What you should do:
What are the lines, written out exactly, from the one containing "Numbers: x, y, z, sx, sy, sz, roll, pitch, yaw." to the end of the entries below? Include both ends and nothing more.

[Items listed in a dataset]
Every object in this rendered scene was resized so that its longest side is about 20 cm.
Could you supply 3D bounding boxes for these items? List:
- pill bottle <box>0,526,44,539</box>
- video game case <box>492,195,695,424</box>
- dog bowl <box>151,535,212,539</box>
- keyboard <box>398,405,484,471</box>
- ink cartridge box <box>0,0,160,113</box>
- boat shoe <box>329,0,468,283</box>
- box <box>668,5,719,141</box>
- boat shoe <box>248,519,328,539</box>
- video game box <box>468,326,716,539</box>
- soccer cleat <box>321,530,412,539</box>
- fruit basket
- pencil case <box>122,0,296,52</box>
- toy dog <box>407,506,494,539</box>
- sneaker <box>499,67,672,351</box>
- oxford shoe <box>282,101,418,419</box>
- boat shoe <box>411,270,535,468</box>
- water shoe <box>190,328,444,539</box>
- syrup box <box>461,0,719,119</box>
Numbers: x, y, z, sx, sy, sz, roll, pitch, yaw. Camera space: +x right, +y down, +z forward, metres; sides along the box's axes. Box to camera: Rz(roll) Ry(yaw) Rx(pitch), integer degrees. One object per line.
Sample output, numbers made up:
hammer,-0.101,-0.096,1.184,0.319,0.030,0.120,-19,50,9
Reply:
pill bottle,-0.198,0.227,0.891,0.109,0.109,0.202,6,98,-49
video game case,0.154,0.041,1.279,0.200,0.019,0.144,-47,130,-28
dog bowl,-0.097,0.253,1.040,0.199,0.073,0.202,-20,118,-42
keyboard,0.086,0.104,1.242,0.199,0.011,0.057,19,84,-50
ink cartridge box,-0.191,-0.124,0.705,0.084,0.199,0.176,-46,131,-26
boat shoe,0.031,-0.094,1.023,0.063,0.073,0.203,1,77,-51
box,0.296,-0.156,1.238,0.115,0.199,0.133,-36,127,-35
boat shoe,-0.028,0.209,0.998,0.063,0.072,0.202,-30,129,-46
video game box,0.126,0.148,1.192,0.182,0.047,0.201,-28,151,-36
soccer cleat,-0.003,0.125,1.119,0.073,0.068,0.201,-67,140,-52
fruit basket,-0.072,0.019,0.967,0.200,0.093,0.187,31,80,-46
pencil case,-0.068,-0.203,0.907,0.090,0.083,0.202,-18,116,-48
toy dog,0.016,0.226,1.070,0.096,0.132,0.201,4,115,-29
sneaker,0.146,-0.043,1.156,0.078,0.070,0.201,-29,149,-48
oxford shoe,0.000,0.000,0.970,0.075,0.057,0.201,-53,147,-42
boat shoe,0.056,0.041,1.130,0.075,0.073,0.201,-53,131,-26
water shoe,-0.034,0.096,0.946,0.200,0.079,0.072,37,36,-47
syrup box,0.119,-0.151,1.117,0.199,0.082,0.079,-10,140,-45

Answer to the exercise:
Numbers: x, y, z, sx, sy, sz, roll, pitch, yaw. Camera space: +x right, +y down, +z forward, metres; sides along the box's axes. Box to camera: Rz(roll) Ry(yaw) Rx(pitch), integer degrees. One object per line.
Sample output, numbers made up:
hammer,-0.101,-0.096,1.184,0.319,0.030,0.120,-19,50,9
Reply:
pill bottle,-0.198,0.227,0.891,0.109,0.109,0.202,6,98,-49
video game case,0.154,0.041,1.279,0.200,0.019,0.144,-47,130,-28
dog bowl,-0.097,0.253,1.040,0.199,0.073,0.202,-20,118,-42
keyboard,0.086,0.104,1.242,0.199,0.011,0.057,19,84,-50
ink cartridge box,-0.191,-0.124,0.705,0.084,0.199,0.176,-46,131,-26
boat shoe,0.031,-0.094,1.023,0.063,0.073,0.203,1,77,-51
box,0.296,-0.156,1.238,0.115,0.199,0.133,-36,127,-35
boat shoe,-0.028,0.209,0.998,0.063,0.072,0.202,-30,129,-46
video game box,0.126,0.148,1.192,0.182,0.047,0.201,-28,151,-36
soccer cleat,-0.003,0.125,1.119,0.073,0.068,0.201,-67,140,-52
fruit basket,-0.072,0.019,0.967,0.200,0.093,0.187,31,80,-46
pencil case,-0.068,-0.203,0.907,0.090,0.083,0.202,-18,116,-48
toy dog,0.016,0.226,1.070,0.096,0.132,0.201,4,115,-29
sneaker,0.146,-0.043,1.156,0.078,0.070,0.201,-29,149,-48
oxford shoe,0.000,0.000,0.970,0.075,0.057,0.201,-53,147,-42
boat shoe,0.056,0.041,1.130,0.075,0.073,0.201,-53,131,-26
water shoe,-0.034,0.096,0.946,0.200,0.079,0.072,37,36,-47
syrup box,0.119,-0.151,1.117,0.199,0.082,0.079,-10,140,-45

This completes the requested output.